### GOAL OF THE EXERCISE:
Within the entries below, how many lines carry the word "pixels"? State the number and stop.

### GIVEN RECORDS:
--------------------
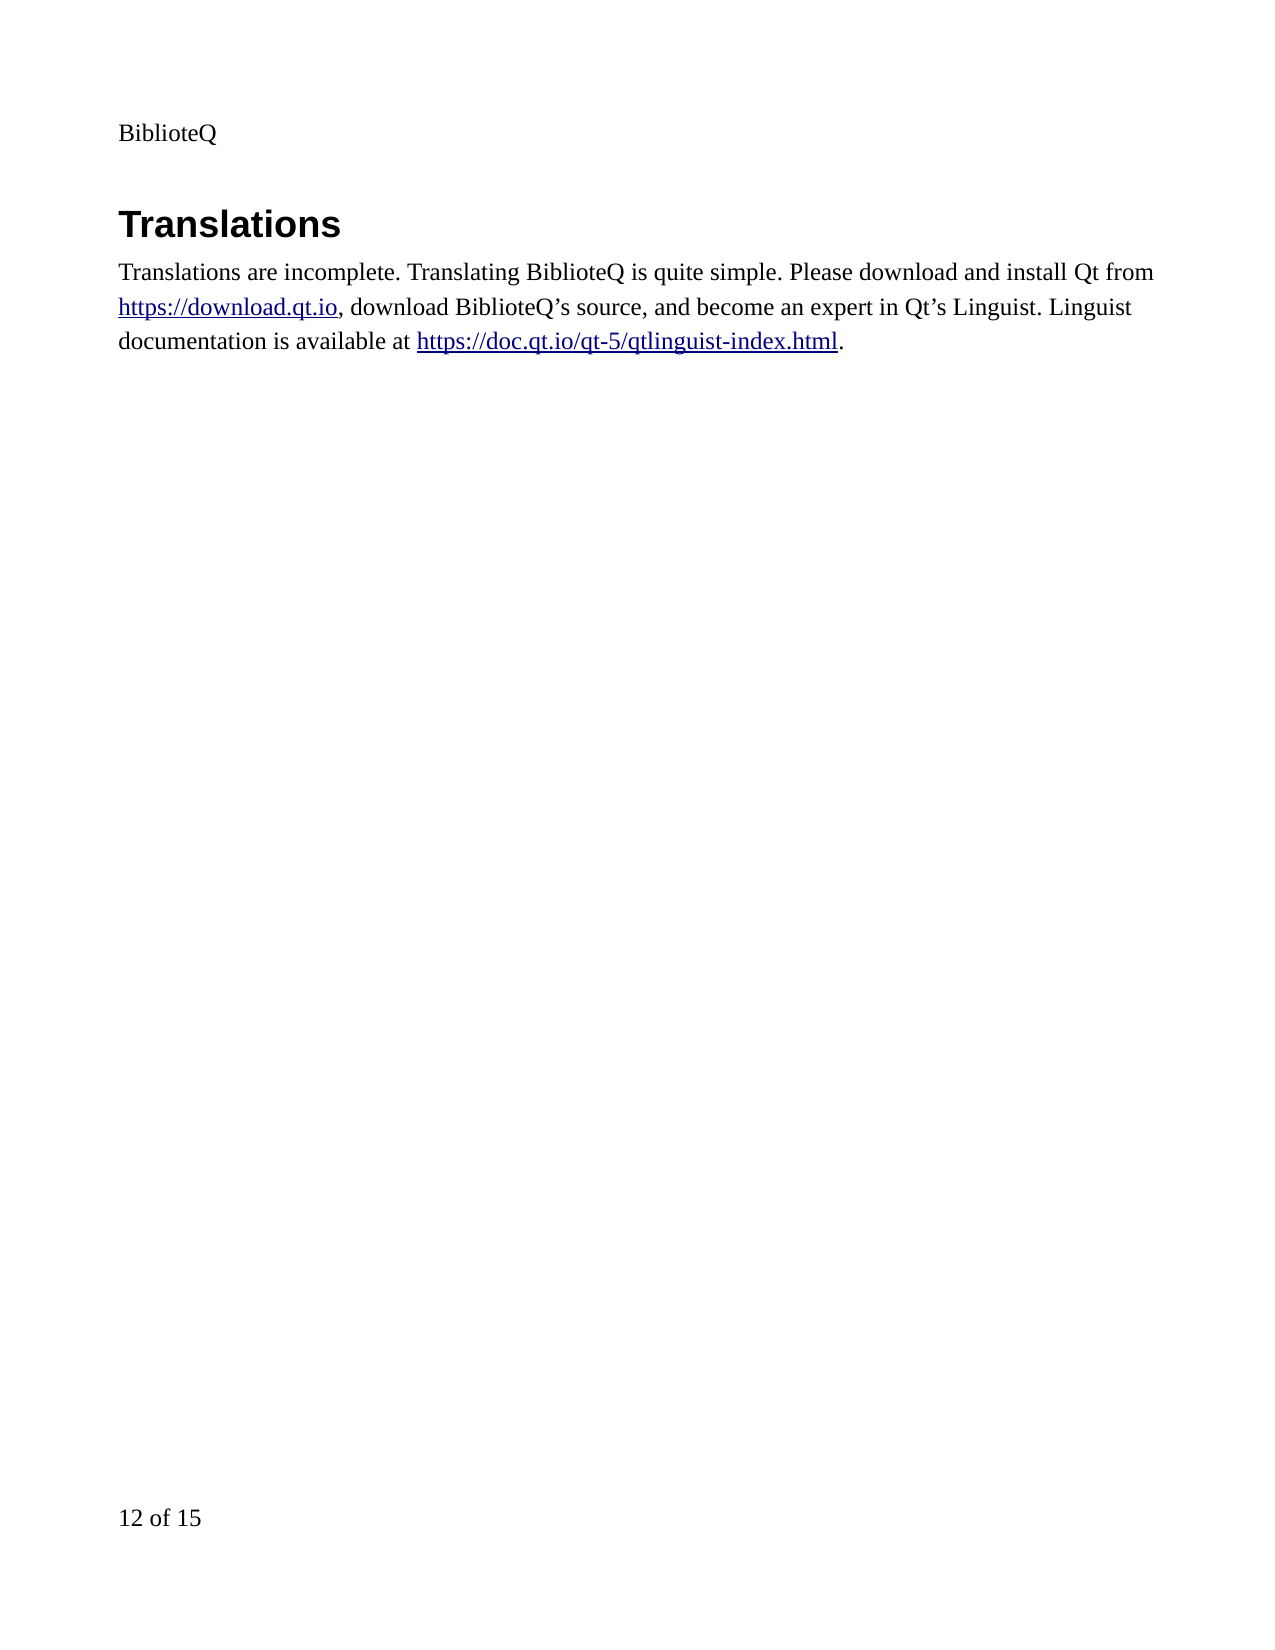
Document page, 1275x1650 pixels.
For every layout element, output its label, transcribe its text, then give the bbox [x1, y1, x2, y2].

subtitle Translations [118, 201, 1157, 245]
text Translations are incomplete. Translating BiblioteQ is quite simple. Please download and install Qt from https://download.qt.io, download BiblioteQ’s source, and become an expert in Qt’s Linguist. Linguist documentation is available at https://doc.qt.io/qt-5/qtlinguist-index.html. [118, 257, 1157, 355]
--------------------
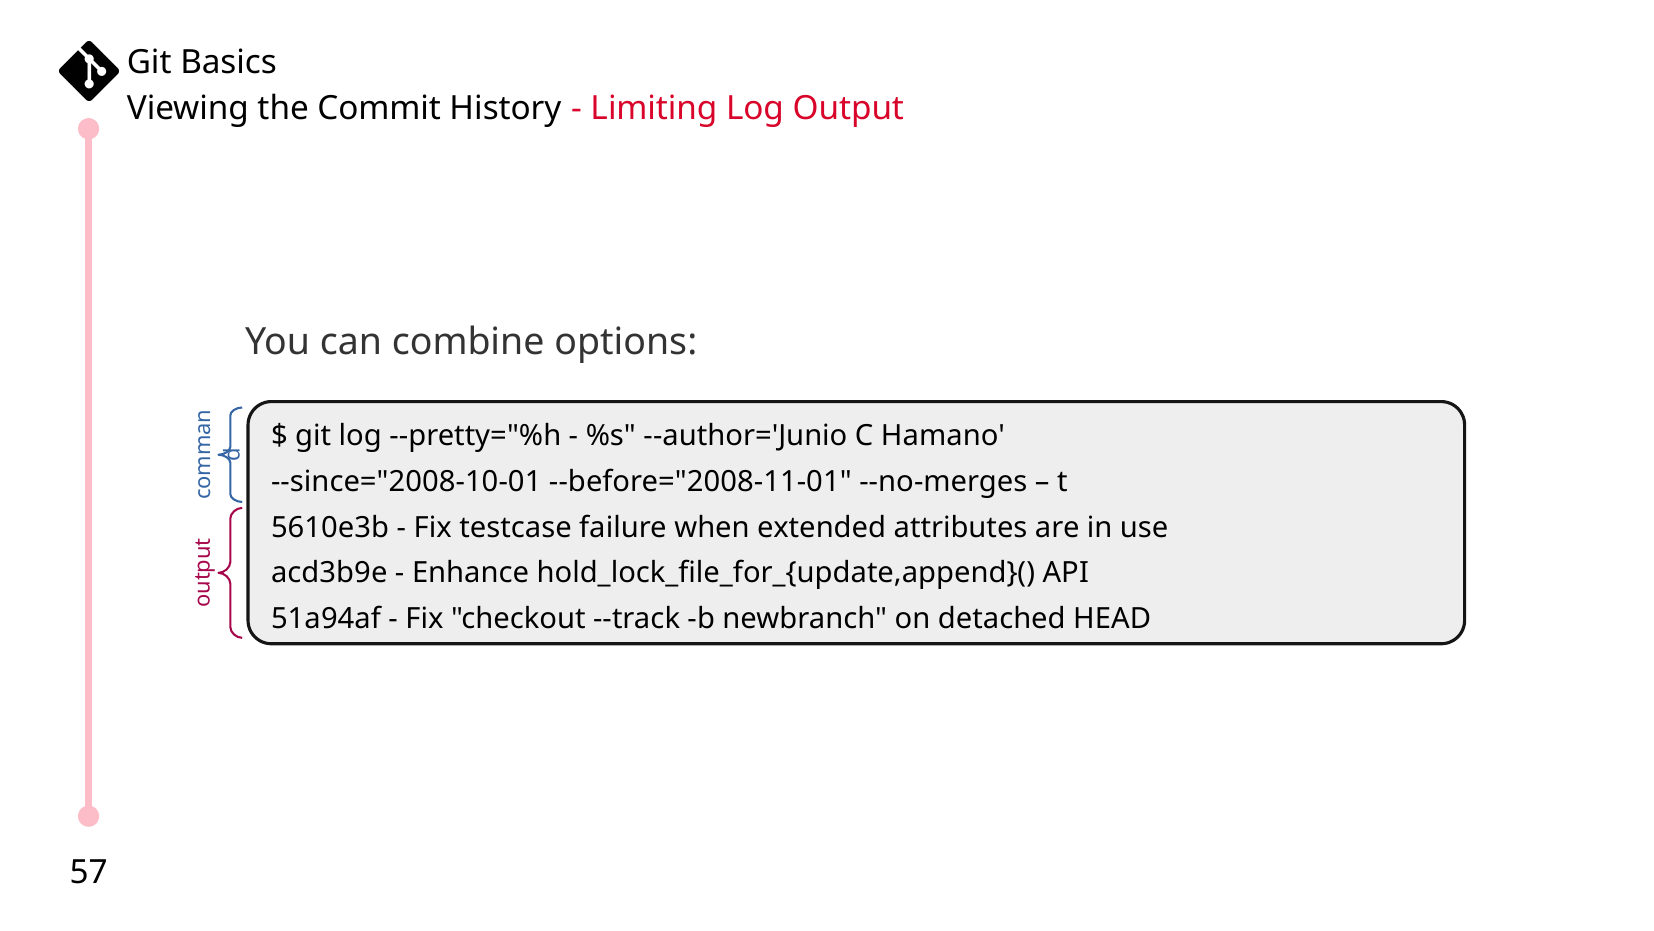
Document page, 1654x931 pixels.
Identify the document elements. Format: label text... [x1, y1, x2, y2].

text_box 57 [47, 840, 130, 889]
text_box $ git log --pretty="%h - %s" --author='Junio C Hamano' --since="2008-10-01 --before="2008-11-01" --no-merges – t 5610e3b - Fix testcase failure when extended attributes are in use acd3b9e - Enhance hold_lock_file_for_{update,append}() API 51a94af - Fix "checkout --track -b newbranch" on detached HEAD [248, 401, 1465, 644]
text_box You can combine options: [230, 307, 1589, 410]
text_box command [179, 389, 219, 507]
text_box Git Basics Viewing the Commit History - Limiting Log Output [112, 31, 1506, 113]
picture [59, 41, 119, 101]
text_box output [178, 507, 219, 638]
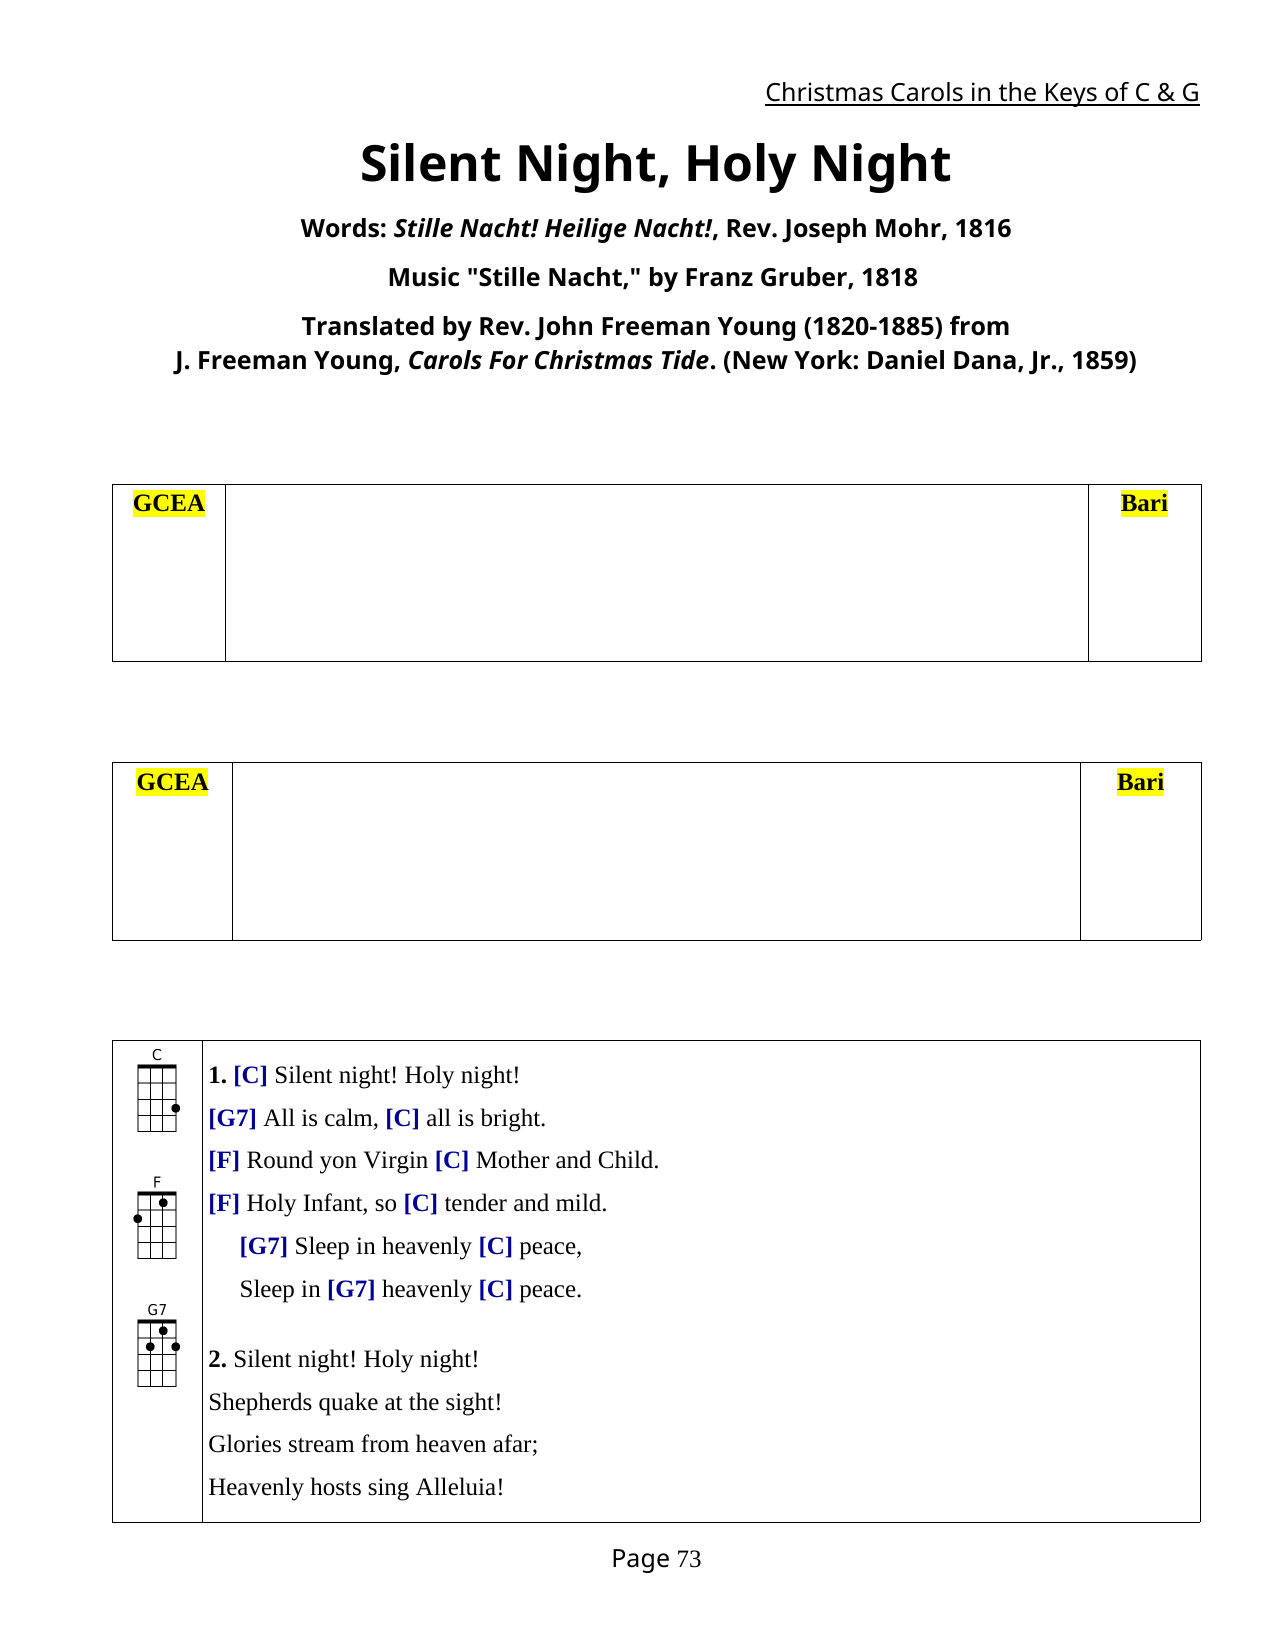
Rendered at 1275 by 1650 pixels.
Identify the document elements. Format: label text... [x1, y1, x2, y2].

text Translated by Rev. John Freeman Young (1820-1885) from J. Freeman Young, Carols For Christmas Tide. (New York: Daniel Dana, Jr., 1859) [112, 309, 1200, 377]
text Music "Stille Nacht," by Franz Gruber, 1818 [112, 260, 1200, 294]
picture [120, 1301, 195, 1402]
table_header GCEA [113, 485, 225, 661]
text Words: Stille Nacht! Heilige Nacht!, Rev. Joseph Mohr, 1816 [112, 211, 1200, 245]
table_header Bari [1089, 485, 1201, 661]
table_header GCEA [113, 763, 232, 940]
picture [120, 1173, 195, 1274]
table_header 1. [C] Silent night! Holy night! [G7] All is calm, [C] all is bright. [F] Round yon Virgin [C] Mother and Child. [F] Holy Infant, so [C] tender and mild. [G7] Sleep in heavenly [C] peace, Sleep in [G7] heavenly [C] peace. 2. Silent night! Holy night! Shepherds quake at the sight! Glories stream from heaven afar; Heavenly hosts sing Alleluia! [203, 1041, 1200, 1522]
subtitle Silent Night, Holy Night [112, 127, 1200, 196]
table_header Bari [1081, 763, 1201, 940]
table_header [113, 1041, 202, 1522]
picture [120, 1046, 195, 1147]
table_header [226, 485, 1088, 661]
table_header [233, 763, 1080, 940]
--------------------
### EXERCISE RESPONSE:
3